[DATA IN THIS EXERCISE — start]

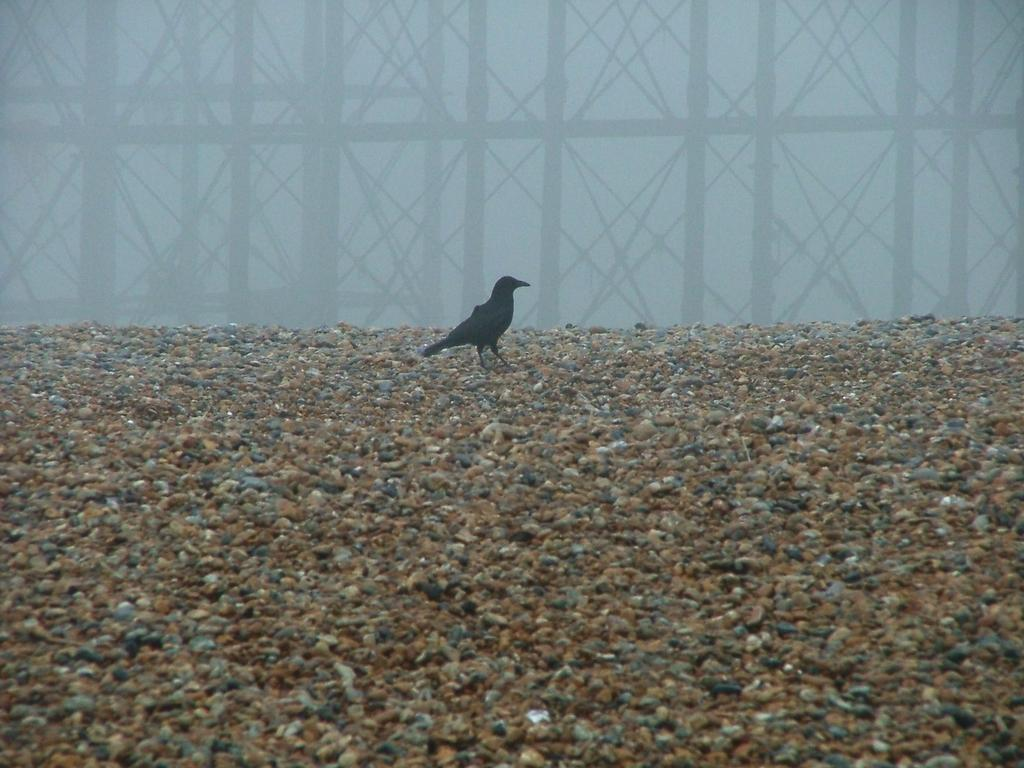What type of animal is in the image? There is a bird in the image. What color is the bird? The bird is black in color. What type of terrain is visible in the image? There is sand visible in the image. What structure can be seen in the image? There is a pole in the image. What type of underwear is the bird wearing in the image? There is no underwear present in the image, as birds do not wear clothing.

[DATA IN THIS EXERCISE — finish]
[DATA IN THIS EXERCISE — start]

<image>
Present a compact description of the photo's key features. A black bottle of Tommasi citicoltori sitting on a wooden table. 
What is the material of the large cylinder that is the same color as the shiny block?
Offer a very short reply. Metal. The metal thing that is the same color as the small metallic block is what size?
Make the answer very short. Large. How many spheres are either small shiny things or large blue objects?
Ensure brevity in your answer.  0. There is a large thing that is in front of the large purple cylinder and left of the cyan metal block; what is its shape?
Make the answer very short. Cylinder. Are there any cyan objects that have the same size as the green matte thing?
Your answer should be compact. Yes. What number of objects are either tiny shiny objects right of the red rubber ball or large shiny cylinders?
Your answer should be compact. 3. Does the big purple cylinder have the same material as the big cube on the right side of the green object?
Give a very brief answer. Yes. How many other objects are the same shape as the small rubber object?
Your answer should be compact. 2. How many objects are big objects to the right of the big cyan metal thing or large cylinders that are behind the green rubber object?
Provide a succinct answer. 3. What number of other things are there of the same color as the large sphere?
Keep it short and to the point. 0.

[DATA IN THIS EXERCISE — finish]

WHAT IS EXPECTED: Lines of the listing above that include the string "small" should each be copied.

TASK SOLUTION:
Offer a very short reply. Metal. The metal thing that is the same color as the small metallic block is what size?
Make the answer very short. Large. How many spheres are either small shiny things or large blue objects?
Give a very brief answer. Yes. How many other objects are the same shape as the small rubber object?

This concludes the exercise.